What are we telling them when the majority of GOP senators resist a thorough investigation into the allegations against Kavanaugh at all costs — an investigation that all of his accusers have asked for, but which Kavanaugh, curiously, refused to endorse? What are we telling my sons when we attempt to frame Dr. Ford’s very credible story as a murky case of “he said/she said,” so that the majority in the Senate can willfully and defiantly choose to believe him, despite the fact that his denials are far less corroborated than her allegations?

What are we telling my sons when we as a nation stop to watch a calm and respectful Dr. Ford tell the country that she is 100% certain that Brett Kavanaugh did these horrific things to her, and then watch a belligerent, petulant man scream and cry his way through his version of “NUH UH!” and we still try to put him on the highest court of the land for the rest of his life?

And what are we telling our daughters if this man is eventually approved to sit on the Supreme Court except that if a boy assaults you, we won’t believe you — and even if we do believe you, your pain, your trauma is less valid than his future?

Like Dr. Ford, I was in high school the first time I was assaulted. In fact, girls between the ages of 16-19 are the most likely to be sexually assaulted and raped. And I think ultimately that is what upset me the most about her story when I read it two Sundays ago, that’s what sent me back to bed that day: that I recognized myself in her and it was so ordinary. So common. So familiar.

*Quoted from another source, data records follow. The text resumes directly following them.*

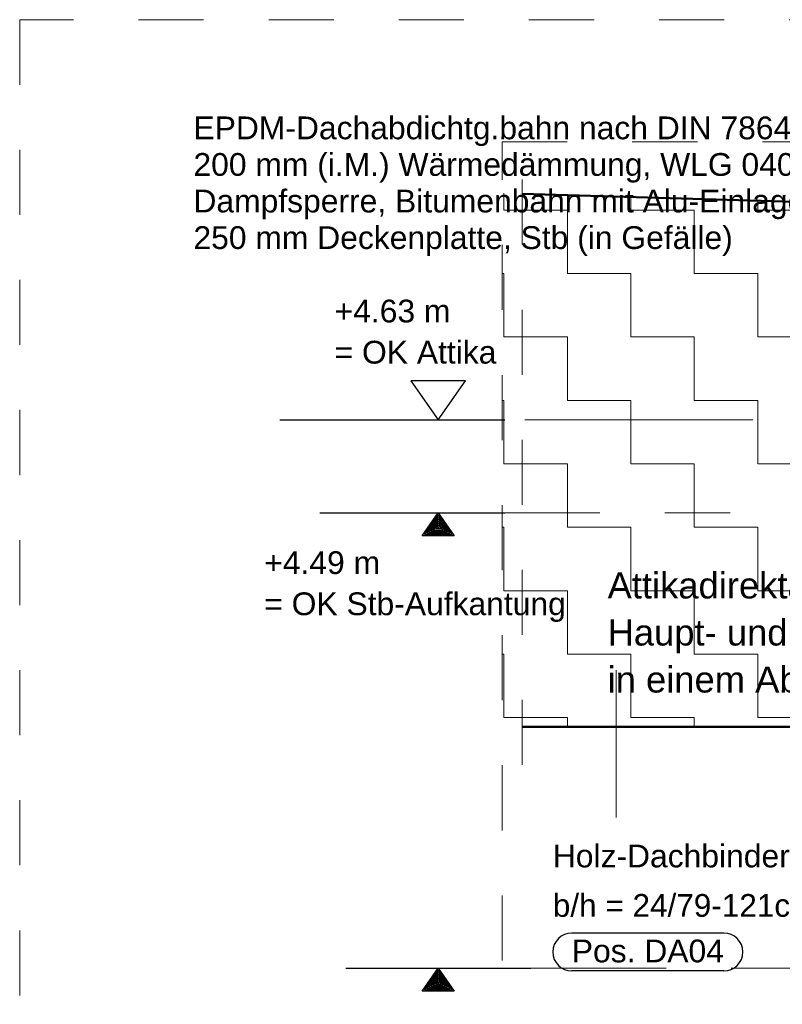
# Model space of a CAD drawing. Header units: metres. Extents: x 1314 to 1415, y -87 to -52.
# Tile 188 of 256: x 1394.97 to 1396.14, y -70.54 to -69.03. Entities that reach past the tile are written whole.
import ezdxf

# ---------------------------------------------------------------- set-up
doc = ezdxf.new("R2010")
doc.units = ezdxf.units.M
for name, pattern in [('AUSGEZOGEN', [0]), ('STRICHLINIE_S4', [0.008, 0.006, -0.002]), ('STRICHPUNKT2_S5', [0.5, 0.35, -0.05, 0.05, -0.05]), ('VERDECKT2_S2', [0.15, 0.1, -0.05])]:
    doc.linetypes.add(name, pattern=pattern)
for name, color, linetype, lineweight in [('XR$11$Muster', 4, 'AUSGEZOGEN', 13), ('XR$11$Text 1_50', 3, 'AUSGEZOGEN', 18), ('XR$11$Wand', 1, 'AUSGEZOGEN', 50), ('XR$11$Wand Mauerwerk tr_1', 42, 'AUSGEZOGEN', 18), ('XR$7$Maßlinie 1_50', 7, 'AUSGEZOGEN', 25), ('XR$7$Text 1_100', 3, 'AUSGEZOGEN', 18), ('XR$7$Text 1_50', 3, 'AUSGEZOGEN', 18), ('XR$7$Wand Mauerwerk tr_1', 42, 'AUSGEZOGEN', 18)]:
    doc.layers.add(name, color=color, linetype=linetype, lineweight=lineweight)
doc.styles.add('ARIAL', font='arial.ttf')

# ---------------------------------------------------------------- blocks, each defined once
blk = doc.blocks.new('NSY148')
at = {"color": 0, "linetype": 'ByBlock', "lineweight": -2}
for p, q in [((-0.007, -0.01), (0, 0)), ((0, 0), (0.007, -0.01)), ((0, -0.00087), (-0.00604, -0.0095)), ((-0.00508, -0.009), (0, -0.00174)), ((0, -0.00261), (-0.00412, -0.0085)), ((-0.00317, -0.008), (0, -0.00348)), ((0.00604, -0.0095), (0, -0.00087)), ((0, -0.00174), (0.00508, -0.009)), ((0.00412, -0.0085), (0, -0.00261)), ((0, -0.00348), (0.00317, -0.008)), ((-0.00412, -0.0085), (0.00412, -0.0085)), ((0, -0.008), (-0.00317, -0.008)), ((0, -0.00436), (-0.0022, -0.0075)), ((-0.0022, -0.0075), (0.0022, -0.0075)), ((-0.00126, -0.007), (0, -0.00522)), ((0, -0.007), (-0.00126, -0.007)), ((0, -0.0061), (-0.00028, -0.0065)), ((-0.00028, -0.0065), (0.00028, -0.0065)), ((0.0022, -0.0075), (0, -0.00436)), ((0, -0.00522), (0.00126, -0.007)), ((0.00028, -0.0065), (0, -0.0061)), ((0.00126, -0.007), (0, -0.007)), ((0.00317, -0.008), (0, -0.008)), ((0, -0.01), (-0.007, -0.01)), ((-0.00604, -0.0095), (0.00604, -0.0095)), ((0, -0.009), (-0.00508, -0.009)), ((0.00508, -0.009), (0, -0.009)), ((0.007, -0.01), (0, -0.01))]:
    blk.add_line(p, q, dxfattribs=at)
blk = doc.blocks.new('NSY144')
at = {"color": 0, "linetype": 'ByBlock', "lineweight": -2}
for p, q in [((0.035, 0.05), (-0.035, 0.05)), ((-0.035, 0.05), (0, 0)), ((0, 0), (0.035, 0.05))]:
    blk.add_line(p, q, dxfattribs=at)

msp = doc.modelspace()

# ---------------------------------------------------------------- hatches: boundary and pattern name
at = {"layer": 'XR$11$Muster', "linetype": 'AUSGEZOGEN', "lineweight": 13, "transparency": 33554687}
h = msp.add_hatch(dxfattribs=at)
h.set_pattern_fill('MUSTER', color=52, scale=0.0975, style=0, pattern_type=2)
h.set_pattern_definition([(0, (0.195, 0.195), (0.0975, 0.0975), [0.0975, -0.0975]), (90, (0.195, 0.195), (-0.0975, 0.0975), [0.0975, -0.0975])])
h.paths.add_polyline_path([(1396.7286, -69.3268), (1395.7099, -69.2962), (1395.7099, -70.1168), (1396.4786, -70.1168), (1396.4786, -69.3701), (1396.7286, -69.3701)], flags=0)

# ---------------------------------------------------------------- linework, layer by layer
at = {"layer": 'XR$11$Text 1_50', "color": 7, "linetype": 'AUSGEZOGEN', "lineweight": 25, "transparency": 33554687}
for p, q in [((1396.0506, -70.4338), (1395.8169, -70.4338)), ((1396.0506, -70.4921), (1395.8169, -70.4921))]:
    msp.add_line(p, q, dxfattribs=at)
for centre, start, end in [((1395.8169, -70.4629), 90, 270), ((1396.0506, -70.4629), 270, 90)]:
    msp.add_arc(centre, 0.0292, start, end, dxfattribs=at)
at = {"layer": 'XR$11$Wand', "color": 52, "linetype": 'VERDECKT2_S2', "lineweight": 13, "transparency": 33554687}
msp.add_line((1395.7406, -69.2754), (1395.7406, -70.2249), dxfattribs=at)
at = {"layer": 'XR$11$Wand', "color": 1, "linetype": 'AUSGEZOGEN', "lineweight": 50, "transparency": 33554687}
for p, q in [((1396.7286, -69.3268), (1395.7406, -69.2971)), ((1396.4786, -70.1168), (1395.7406, -70.1168))]:
    msp.add_line(p, q, dxfattribs=at)
at = {"layer": 'XR$11$Wand', "color": 4, "linetype": 'AUSGEZOGEN', "lineweight": 13, "transparency": 33554687}
msp.add_line((1395.885, -70.2563), (1395.885, -70.0298), dxfattribs=at)
at = {"layer": 'XR$11$Wand Mauerwerk tr_1', "color": 7, "linetype": 'STRICHLINIE_S4', "lineweight": 18, "transparency": 33554687}
msp.add_lwpolyline([(1395.7099, -69.2176), (1399.0501, -69.2176), (1399.0501, -72.0759), (1395.7099, -72.0759), (1395.7099, -69.2176)], close=True, dxfattribs=at)
at = {"layer": 'XR$7$Maßlinie 1_50', "color": 3, "linetype": 'STRICHPUNKT2_S5', "lineweight": 25, "transparency": 33554687}
msp.add_line((1395.368, -69.645), (1395.5958, -69.645), dxfattribs=at)
at = {"layer": 'XR$7$Maßlinie 1_50', "color": 3, "linetype": 'STRICHPUNKT2_S5', "lineweight": 13, "transparency": 33554687}
for p, q in [((1397.3949, -69.645), (1395.5416, -69.645)), ((1395.5101, -69.7879), (1396.985, -69.7879)), ((1395.6117, -70.4879), (1397.1798, -70.4879))]:
    msp.add_line(p, q, dxfattribs=at)
at = {"layer": 'XR$7$Text 1_100', "color": 3, "linetype": 'AUSGEZOGEN', "lineweight": 25, "transparency": 33554687}
for p, q in [((1395.4295, -69.645), (1395.714, -69.645)), ((1395.4295, -69.7879), (1395.714, -69.7879)), ((1395.4695, -70.4879), (1395.754, -70.4879))]:
    msp.add_line(p, q, dxfattribs=at)
at = {"layer": 'XR$7$Wand Mauerwerk tr_1', "color": 7, "linetype": 'STRICHLINIE_S4', "lineweight": 18, "transparency": 33554687}
msp.add_lwpolyline([(1394.9685, -71.8879), (1398.6511, -71.8879), (1398.6511, -69.0296), (1394.9685, -69.0296), (1394.9685, -71.8879)], close=True, dxfattribs=at)

# ---------------------------------------------------------------- block references
at = {"layer": 'XR$7$Maßlinie 1_50', "color": 4, "linetype": 'AUSGEZOGEN', "lineweight": 25, "transparency": 33554687, "xscale": 3.5, "yscale": 3.5, "zscale": 3.5}
for p in [(1395.6117, -69.7879), (1395.6117, -70.4879)]:
    msp.add_blockref('NSY148', p, dxfattribs=at)
at = {"layer": 'XR$7$Text 1_100', "color": 3, "linetype": 'AUSGEZOGEN', "lineweight": 25, "transparency": 33554687, "xscale": 1.199999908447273, "yscale": 1.199999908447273, "zscale": 1.199999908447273}
msp.add_blockref('NSY144', (1395.6117, -69.645), dxfattribs=at)

# ---------------------------------------------------------------- texts
at = {"layer": 'XR$11$Text 1_50', "color": 7, "linetype": 'AUSGEZOGEN', "lineweight": 25, "transparency": 33554687, "char_height": 0.035, "attachment_point": 7, "style": 'ARIAL'}
for s, insert, width in [('\\W1.00;Holz-Dachbinder, BSH GL 24h', (1395.7877, -70.3393), 0.683275), ('\\W0.99;b/h = 24/79-121cm', (1395.7877, -70.4093), 0.426245), ('\\W1.00;Pos. DA04', (1395.8169, -70.4793), 0.25122)]:
    msp.add_mtext(s, dxfattribs=dict(at, insert=insert, width=width))
at = {"layer": 'XR$7$Text 1_100', "color": 3, "linetype": 'AUSGEZOGEN', "lineweight": 18, "transparency": 33554687, "char_height": 0.035, "attachment_point": 1, "line_spacing_factor": 1.084337, "style": 'ARIAL'}
for s, insert, width in [('\\A1;{\\fArial|i0|b0;\\H0.035000;\\W1.000000;\\C3;+4.63 m}\\P{\\fArial|i0|b0;\\H0.035000;\\W1.000000;\\C3;= OK Attika}\\P', (1395.4524, -69.46), 0.26601), ('\\A1;{\\fArial|i0|b0;\\H0.035000;\\W1.000000;\\C3;+4.49 m}\\P{\\fArial|i0|b0;\\H0.035000;\\W1.000000;\\C3;= OK Stb-Aufkantung}\\P', (1395.3443, -69.8468), 0.481844)]:
    msp.add_mtext(s, dxfattribs=dict(at, insert=insert, width=width))
at = {"layer": 'XR$7$Text 1_50', "color": 3, "linetype": 'AUSGEZOGEN', "lineweight": 18, "transparency": 33554687, "attachment_point": 1, "style": 'ARIAL'}
for s, insert, char_height, width, line_spacing_factor in [('\\A1;{\\fArial|i0|b0;\\H0.035000;\\W1.000000;\\C3;EPDM-Dachabdichtg.bahn nach DIN 7864}\\P{\\fArial|i0|b0;\\H0.035000;\\W1.000000;\\C3;200 mm (i.M.) Wärmedämmung, WLG 040}\\P{\\fArial|i0|b0;\\H0.035000;\\W1.000000;\\C3;Dampfsperre, Bitumenbahn mit Alu-Einlage verschweißt}\\P{\\fArial|i0|b0;\\H0.035000;\\W1.000000;\\C3;250 mm Deckenplatte, Stb (in Gefälle)}\\P', (1395.2355, -69.1784), 0.035, 1.237931, 0.963855), ('\\A1;{\\fArial|i0|b0;\\H0.040000;\\W1.000000;\\C3;Attikadirektablauf}\\P{\\fArial|i0|b0;\\H0.040000;\\W1.000000;\\C3;Haupt- und Notentwässerung}\\P{\\fArial|i0|b0;\\H0.040000;\\W1.000000;\\C3;in einem Ablauf vorsehen}\\P', (1395.8719, -69.8794), 0.04, 0.750752, 1.084337)]:
    msp.add_mtext(s, dxfattribs=dict(at, insert=insert, char_height=char_height, width=width, line_spacing_factor=line_spacing_factor))

doc.saveas('drawing.dxf')

In no way am I suggesting that my assaults were half as awful or traumatizing as Dr. Ford’s, they were not. But it turns out they did leave tiny nicks which turned into tiny scars. And I suspect if you talk to any of your female friends or family, you’ll learn that they too bear these tiny scars, too many to count.

It’s going to be at least another week before this story is over. Hearing about sexual violence can be very painful for survivors. If you need to speak to someone, please call the National Sexual Assault Hotline: 800.656.4673 or visit .

And know that I am here, you can show me your scars.